◆ **MATERIAL FOR THIS TASK**
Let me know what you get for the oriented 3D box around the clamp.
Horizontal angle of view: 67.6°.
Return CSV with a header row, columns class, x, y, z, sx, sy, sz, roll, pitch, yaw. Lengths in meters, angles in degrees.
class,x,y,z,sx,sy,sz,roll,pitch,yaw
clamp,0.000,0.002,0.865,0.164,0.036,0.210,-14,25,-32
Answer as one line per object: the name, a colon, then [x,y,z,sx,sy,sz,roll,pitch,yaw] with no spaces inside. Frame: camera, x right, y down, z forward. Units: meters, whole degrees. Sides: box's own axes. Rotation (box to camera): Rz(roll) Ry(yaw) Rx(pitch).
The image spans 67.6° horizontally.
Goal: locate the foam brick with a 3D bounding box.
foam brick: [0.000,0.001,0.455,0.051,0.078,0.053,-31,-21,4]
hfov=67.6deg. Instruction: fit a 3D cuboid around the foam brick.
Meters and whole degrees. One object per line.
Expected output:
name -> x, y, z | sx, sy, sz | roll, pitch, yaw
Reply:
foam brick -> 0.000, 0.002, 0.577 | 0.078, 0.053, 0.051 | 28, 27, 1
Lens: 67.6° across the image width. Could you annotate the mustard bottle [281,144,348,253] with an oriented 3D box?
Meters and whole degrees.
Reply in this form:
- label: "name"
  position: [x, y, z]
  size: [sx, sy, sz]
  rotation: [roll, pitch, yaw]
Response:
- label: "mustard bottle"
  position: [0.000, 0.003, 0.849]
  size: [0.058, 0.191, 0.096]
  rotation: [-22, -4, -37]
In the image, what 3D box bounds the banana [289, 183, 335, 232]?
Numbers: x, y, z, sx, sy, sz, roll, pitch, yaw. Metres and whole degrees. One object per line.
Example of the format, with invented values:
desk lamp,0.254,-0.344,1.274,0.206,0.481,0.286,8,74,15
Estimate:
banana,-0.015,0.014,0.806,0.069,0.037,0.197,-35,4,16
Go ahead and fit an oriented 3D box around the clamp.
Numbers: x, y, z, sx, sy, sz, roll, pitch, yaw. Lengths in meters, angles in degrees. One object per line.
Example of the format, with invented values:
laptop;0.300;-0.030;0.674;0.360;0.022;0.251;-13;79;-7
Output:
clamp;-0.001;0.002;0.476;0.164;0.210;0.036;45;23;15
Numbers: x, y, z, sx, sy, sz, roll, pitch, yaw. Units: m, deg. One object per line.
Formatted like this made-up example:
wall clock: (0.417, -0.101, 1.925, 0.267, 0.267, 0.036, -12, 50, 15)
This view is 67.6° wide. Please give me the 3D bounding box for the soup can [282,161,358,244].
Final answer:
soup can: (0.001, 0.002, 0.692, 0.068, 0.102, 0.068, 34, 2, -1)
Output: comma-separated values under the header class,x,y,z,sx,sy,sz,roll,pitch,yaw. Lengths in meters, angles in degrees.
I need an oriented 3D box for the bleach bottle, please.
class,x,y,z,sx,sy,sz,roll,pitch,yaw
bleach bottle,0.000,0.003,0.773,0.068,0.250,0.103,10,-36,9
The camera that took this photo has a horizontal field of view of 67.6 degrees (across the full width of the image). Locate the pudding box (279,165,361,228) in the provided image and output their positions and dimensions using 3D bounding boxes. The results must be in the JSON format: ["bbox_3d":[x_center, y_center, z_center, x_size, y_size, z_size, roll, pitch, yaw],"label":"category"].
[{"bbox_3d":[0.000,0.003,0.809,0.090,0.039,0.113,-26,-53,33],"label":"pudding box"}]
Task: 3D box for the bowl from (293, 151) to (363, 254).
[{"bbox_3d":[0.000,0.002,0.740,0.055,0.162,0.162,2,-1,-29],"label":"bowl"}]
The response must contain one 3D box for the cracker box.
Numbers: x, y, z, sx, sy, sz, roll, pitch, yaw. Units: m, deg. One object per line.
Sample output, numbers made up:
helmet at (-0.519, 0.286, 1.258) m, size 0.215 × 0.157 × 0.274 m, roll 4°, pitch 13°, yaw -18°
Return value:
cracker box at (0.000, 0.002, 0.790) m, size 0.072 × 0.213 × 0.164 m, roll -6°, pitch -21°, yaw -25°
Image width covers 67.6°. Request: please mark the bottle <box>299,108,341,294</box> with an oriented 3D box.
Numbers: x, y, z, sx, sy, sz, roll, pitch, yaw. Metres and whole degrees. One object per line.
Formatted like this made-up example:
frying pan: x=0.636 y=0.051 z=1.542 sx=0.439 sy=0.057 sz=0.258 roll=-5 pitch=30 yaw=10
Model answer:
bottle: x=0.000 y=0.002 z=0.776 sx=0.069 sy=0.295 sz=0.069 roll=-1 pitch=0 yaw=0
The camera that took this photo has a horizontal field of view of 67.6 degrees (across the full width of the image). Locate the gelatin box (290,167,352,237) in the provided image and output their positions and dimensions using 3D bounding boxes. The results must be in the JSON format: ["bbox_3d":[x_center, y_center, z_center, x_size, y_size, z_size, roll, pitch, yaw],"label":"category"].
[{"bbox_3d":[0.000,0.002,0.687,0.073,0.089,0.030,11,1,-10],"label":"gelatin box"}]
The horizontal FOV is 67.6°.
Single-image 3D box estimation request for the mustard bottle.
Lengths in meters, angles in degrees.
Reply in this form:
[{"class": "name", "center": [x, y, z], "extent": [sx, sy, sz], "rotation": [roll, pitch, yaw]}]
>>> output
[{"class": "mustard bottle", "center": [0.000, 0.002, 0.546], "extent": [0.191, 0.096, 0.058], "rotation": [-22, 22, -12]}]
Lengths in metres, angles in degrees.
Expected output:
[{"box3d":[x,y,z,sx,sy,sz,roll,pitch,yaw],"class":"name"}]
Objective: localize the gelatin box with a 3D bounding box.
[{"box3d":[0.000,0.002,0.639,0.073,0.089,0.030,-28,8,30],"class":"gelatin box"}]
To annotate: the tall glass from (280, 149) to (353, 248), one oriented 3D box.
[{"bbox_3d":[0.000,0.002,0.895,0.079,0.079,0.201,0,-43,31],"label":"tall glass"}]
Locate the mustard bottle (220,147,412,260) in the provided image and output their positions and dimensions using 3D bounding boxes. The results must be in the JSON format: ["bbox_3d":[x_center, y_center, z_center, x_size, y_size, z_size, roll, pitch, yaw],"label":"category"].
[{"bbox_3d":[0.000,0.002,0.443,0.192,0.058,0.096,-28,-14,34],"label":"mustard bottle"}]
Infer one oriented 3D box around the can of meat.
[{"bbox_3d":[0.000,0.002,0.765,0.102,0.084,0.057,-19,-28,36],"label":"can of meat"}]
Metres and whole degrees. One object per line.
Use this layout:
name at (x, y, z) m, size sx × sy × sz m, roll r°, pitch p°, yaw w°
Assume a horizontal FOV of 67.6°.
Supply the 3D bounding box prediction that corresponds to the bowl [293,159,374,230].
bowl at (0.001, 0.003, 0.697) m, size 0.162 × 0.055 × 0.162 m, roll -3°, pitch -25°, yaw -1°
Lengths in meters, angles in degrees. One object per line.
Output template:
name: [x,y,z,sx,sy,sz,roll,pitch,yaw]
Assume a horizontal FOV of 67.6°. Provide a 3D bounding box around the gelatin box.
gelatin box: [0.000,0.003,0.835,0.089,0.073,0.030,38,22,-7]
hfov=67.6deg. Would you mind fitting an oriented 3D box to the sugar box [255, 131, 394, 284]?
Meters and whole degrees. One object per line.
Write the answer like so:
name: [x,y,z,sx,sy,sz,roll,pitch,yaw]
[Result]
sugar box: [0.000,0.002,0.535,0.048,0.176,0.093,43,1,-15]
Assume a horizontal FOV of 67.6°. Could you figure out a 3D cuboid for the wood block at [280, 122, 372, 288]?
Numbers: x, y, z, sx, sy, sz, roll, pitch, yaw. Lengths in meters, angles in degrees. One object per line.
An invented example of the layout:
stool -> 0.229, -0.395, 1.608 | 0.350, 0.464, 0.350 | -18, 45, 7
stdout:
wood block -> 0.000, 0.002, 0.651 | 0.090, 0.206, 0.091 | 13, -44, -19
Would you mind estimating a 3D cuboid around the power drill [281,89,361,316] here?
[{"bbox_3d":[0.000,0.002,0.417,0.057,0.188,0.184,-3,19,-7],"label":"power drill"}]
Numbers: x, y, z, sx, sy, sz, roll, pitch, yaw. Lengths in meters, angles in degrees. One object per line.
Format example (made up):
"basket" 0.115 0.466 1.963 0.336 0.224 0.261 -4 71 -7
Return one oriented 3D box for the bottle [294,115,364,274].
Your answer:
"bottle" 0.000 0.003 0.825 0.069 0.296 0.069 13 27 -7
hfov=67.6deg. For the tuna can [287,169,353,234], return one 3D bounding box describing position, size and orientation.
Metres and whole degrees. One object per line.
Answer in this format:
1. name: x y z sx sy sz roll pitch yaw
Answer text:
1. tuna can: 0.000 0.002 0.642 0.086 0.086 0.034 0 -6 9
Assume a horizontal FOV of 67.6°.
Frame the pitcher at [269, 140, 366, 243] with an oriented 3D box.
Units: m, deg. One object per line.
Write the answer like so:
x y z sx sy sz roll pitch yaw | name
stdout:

◆ **WHAT THE EXERCISE ASKS**
Nothing but a number is expected here: how many lines above include the string "Frame".

◆ **SOLUTION TO THIS EXERCISE**
2